**Exercise**
Once the pictures are set aside, reproduce all of the records exactly.

========================================

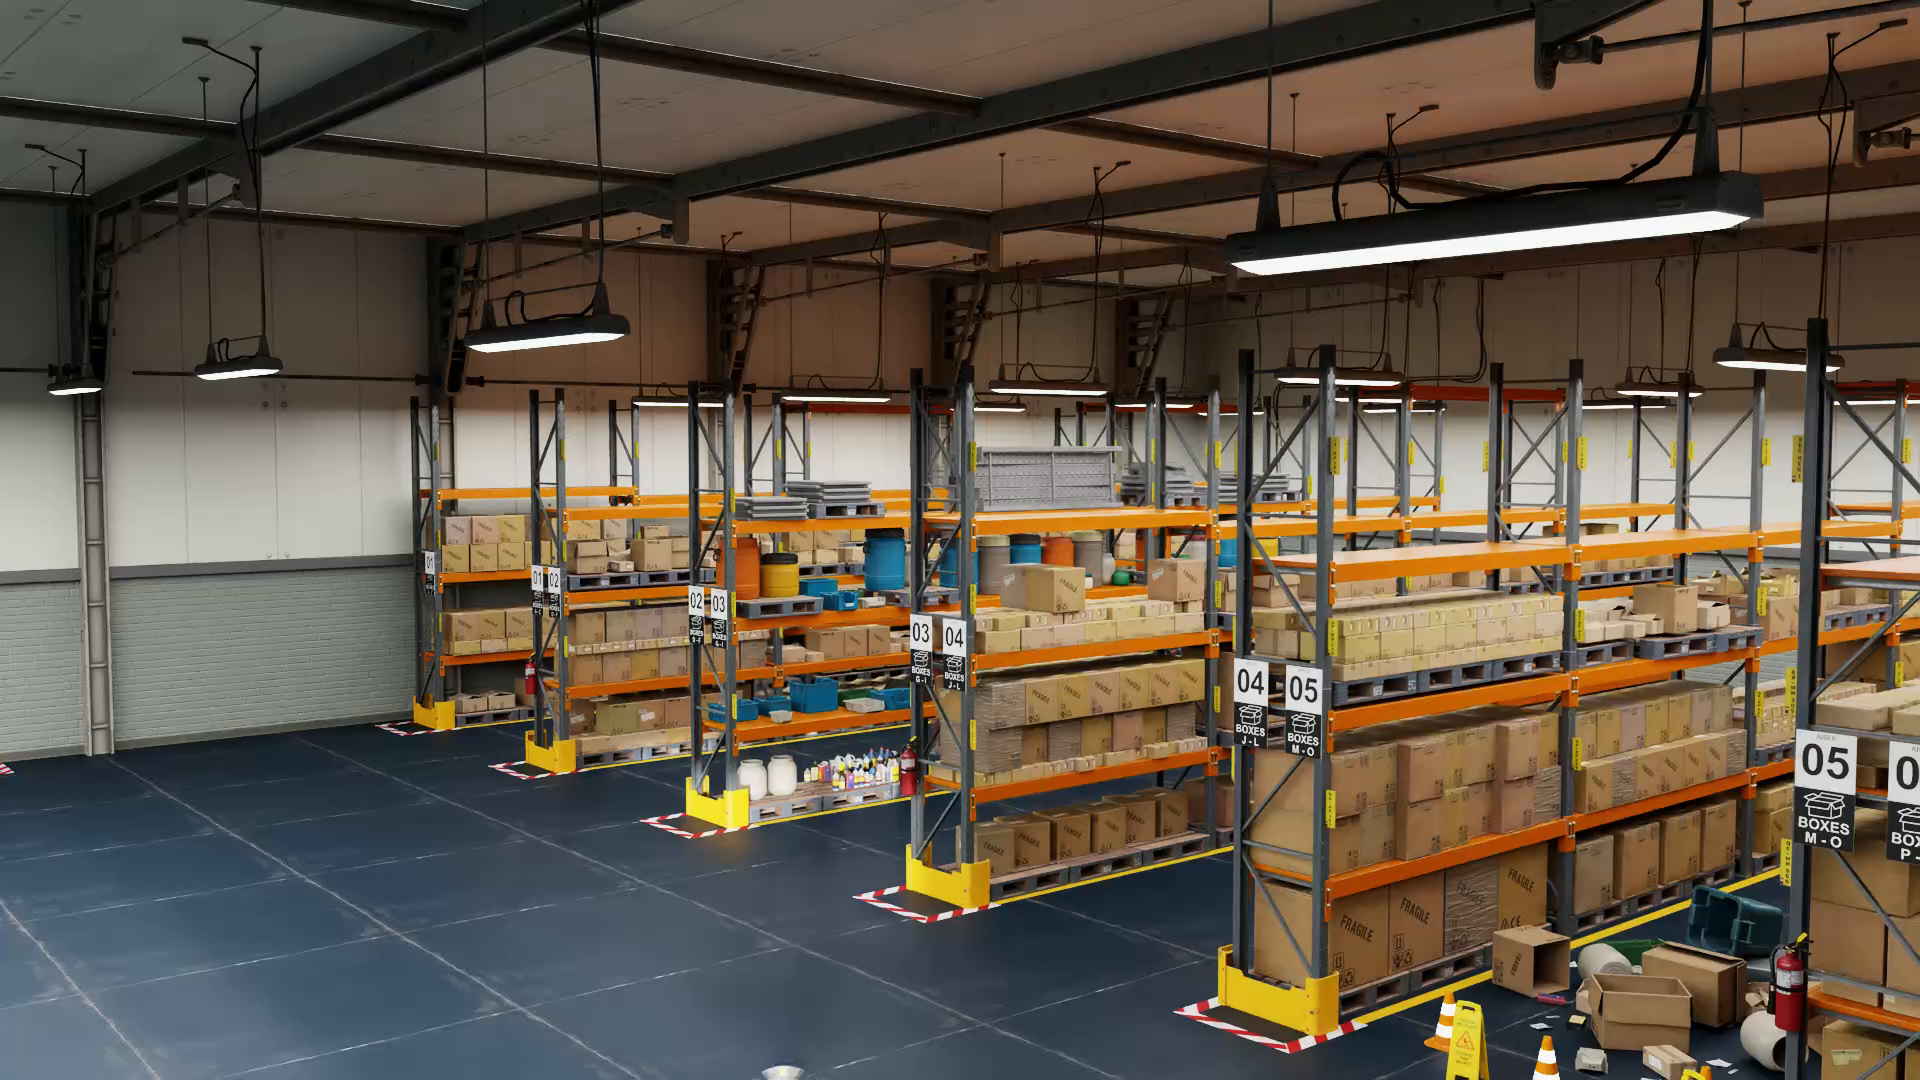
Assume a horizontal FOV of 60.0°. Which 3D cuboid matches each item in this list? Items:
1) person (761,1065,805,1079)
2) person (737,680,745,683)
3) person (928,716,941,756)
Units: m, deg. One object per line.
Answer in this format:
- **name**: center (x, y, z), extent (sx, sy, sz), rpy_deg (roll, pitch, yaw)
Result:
- **person**: center (-1.008, 3.773, 9.425), extent (0.625, 1.660, 0.767), rpy_deg (0, 3, -6)
- **person**: center (-4.157, 2.459, 31.104), extent (0.675, 1.734, 0.608), rpy_deg (3, 5, 43)
- **person**: center (-0.163, 2.692, 27.539), extent (0.830, 1.715, 0.552), rpy_deg (-3, 5, -44)

========================================

**Expected output**
Assume a horizontal FOV of 60.0°. Which 3D cuboid matches each item in this list? Items:
1) person (761,1065,805,1079)
2) person (737,680,745,683)
3) person (928,716,941,756)
Units: m, deg. One object per line.
Answer in this format:
- **name**: center (x, y, z), extent (sx, sy, sz), rpy_deg (roll, pitch, yaw)
Result:
- **person**: center (-1.008, 3.773, 9.425), extent (0.625, 1.660, 0.767), rpy_deg (0, 3, -6)
- **person**: center (-4.157, 2.459, 31.104), extent (0.675, 1.734, 0.608), rpy_deg (3, 5, 43)
- **person**: center (-0.163, 2.692, 27.539), extent (0.830, 1.715, 0.552), rpy_deg (-3, 5, -44)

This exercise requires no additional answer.